閒暇的時候,寧浮生不是修煉,就是去找沈蘭蘭,而這一天沈蘭蘭卻對他說想家了,要回家看看。寧浮生沉默片刻說道:“你自己走我不放心,這樣吧,我選幾個高手保護你吧。”

沈蘭蘭訝然的說道:“你不回家看看叔叔阿姨嗎?”

寧浮生苦笑一聲,說道:“原本的時候,我也想回家,但現在我卻不能回家!你也知道,現在我統帥着火雲軍部,這些士兵也是人,他們也想回家,但如果都回家了,聖光防線怎麼辦?明年吧,明年我跟你一起回家!”

沈蘭蘭嫣然一笑,說道:“那我就自己回去吧,不需要什麼人保護了,要知道我也是綠色天宗的高手了,一般人打不過我!”說話的時候,她還揚了揚小拳頭。

寧浮生哈哈一笑,將沈蘭蘭擁在懷中,說道:“我怎麼可能讓你一個人回火雲帝國。”

“你打算什麼時候回去,我讓袁鐵牛與豬老三保護你!”寧浮生說道,在整個火雲軍部中,能夠數的上號的高手,也就他們兩個人了。

沈蘭蘭掙扎而出,嬌嗔說道:“我不,我要自己回去,我要快一點成熟起來!”

“咯咯,浮生啊,沒打擾到你們吧?”就在這個時候,弗羅聖女的聲音自遠處飄來。看着弗羅聖女姣好的面容,沈蘭蘭不禁有些擔憂,她也聽說過弗羅聖女與寧浮生的傳聞,但從來沒有放在心上,因爲她對自己的容貌也十分自信。

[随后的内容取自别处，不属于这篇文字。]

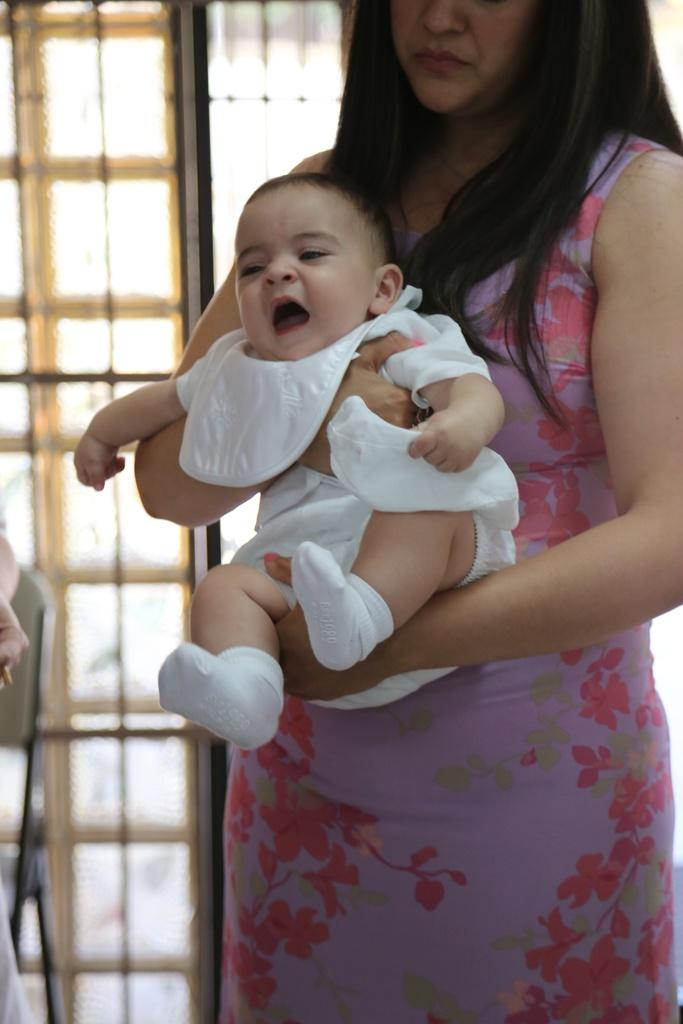What is the woman in the image doing? The woman is standing in the image and holding a baby. Can you describe the baby in the image? The baby is being held by the woman. What can be seen in the background of the image? The background of the image is blurry, but there is a chair and a glass visible. What might the woman be sitting on if the chair is in the background? The woman might be standing or using another piece of furniture, as the chair is in the background. What type of sack is the woman using to carry the baby in the image? There is no sack present in the image; the woman is holding the baby directly. How does the room look in the image? The image does not show a room; it is focused on the woman and the baby, with a blurry background. 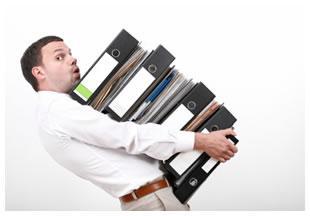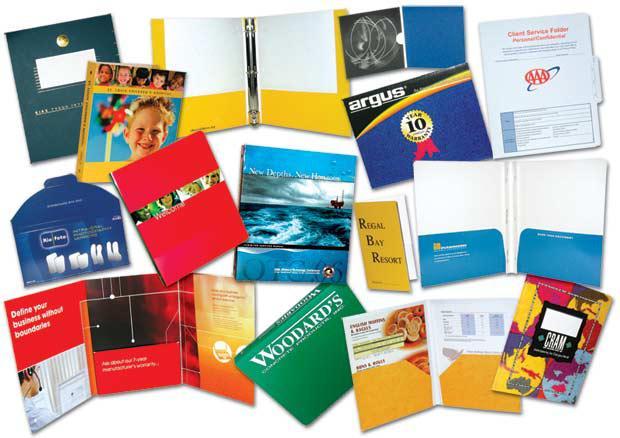The first image is the image on the left, the second image is the image on the right. Evaluate the accuracy of this statement regarding the images: "A person is grasping a vertical stack of binders in one image.". Is it true? Answer yes or no. Yes. The first image is the image on the left, the second image is the image on the right. For the images shown, is this caption "there are at least five colored binders in the image on the left" true? Answer yes or no. No. 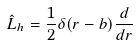<formula> <loc_0><loc_0><loc_500><loc_500>\hat { L } _ { h } = \frac { 1 } { 2 } \delta ( r - b ) \frac { d } { d r }</formula> 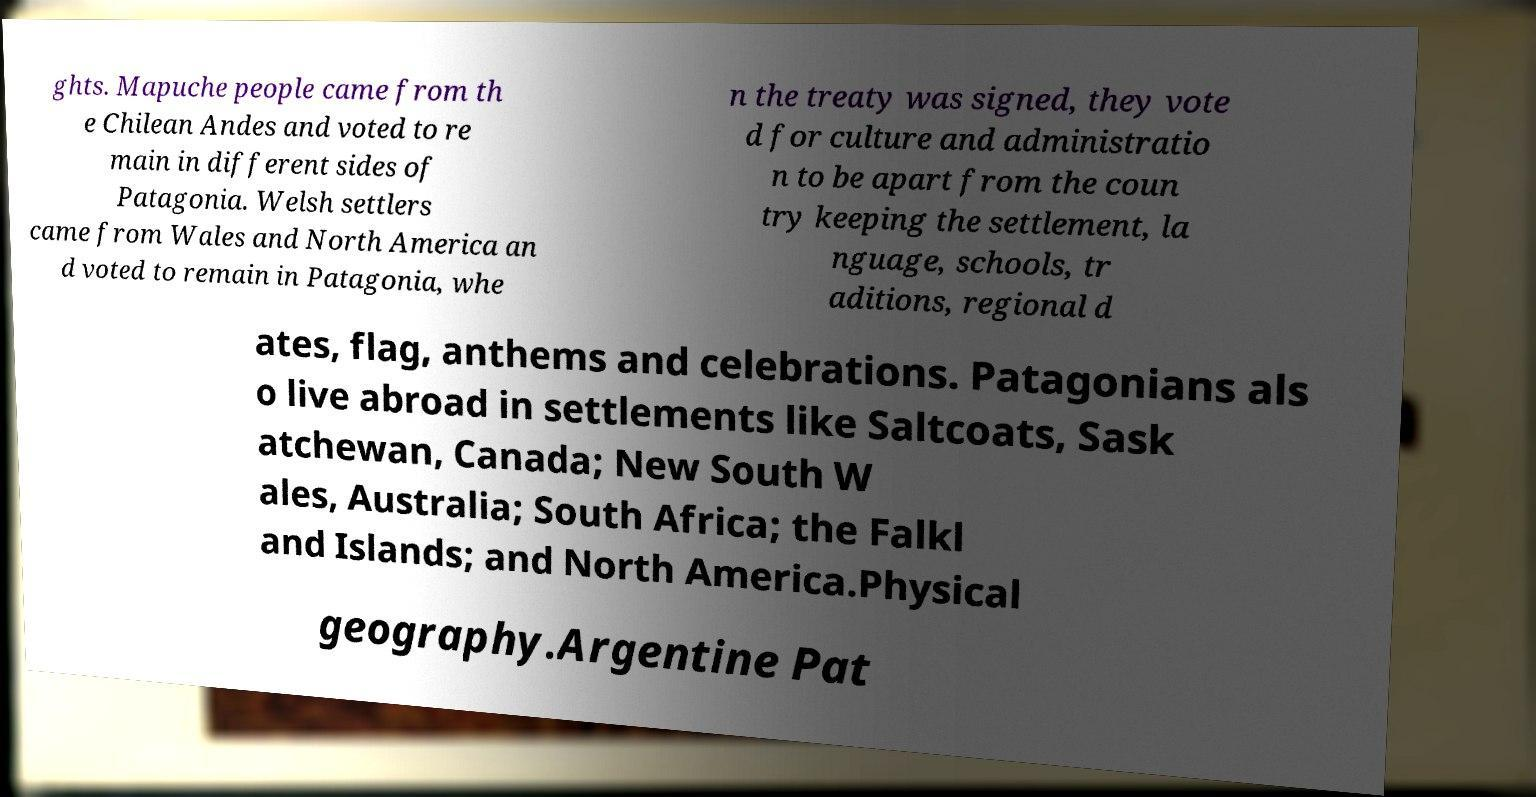Can you accurately transcribe the text from the provided image for me? ghts. Mapuche people came from th e Chilean Andes and voted to re main in different sides of Patagonia. Welsh settlers came from Wales and North America an d voted to remain in Patagonia, whe n the treaty was signed, they vote d for culture and administratio n to be apart from the coun try keeping the settlement, la nguage, schools, tr aditions, regional d ates, flag, anthems and celebrations. Patagonians als o live abroad in settlements like Saltcoats, Sask atchewan, Canada; New South W ales, Australia; South Africa; the Falkl and Islands; and North America.Physical geography.Argentine Pat

但現在她卻是有些不自信了,弗羅聖女的容貌與她不相上下,且一舉一動中都能夠流露出一種迷人的風情,身爲女兒身的沈蘭蘭都有些情不自禁了,更不用說寧浮生這個男人了。

寧浮生微微皺眉,說道:“你來這裏幹什麼?”

弗羅聖女呵呵一笑,說道:“來跟你告別啊,去火雲軍部沒找到你,他們說你可能在這裏,於是我就來了。”

“奴家要回弗羅宮了,以後可能就不來這裏了,你不要想我啊。”弗羅聖女說道,看了沈蘭蘭幾眼,弗羅聖女的眼中冒出了青光,驚歎道:“這一定是蘭蘭妹子吧,當真是天人一般,我見猶憐。”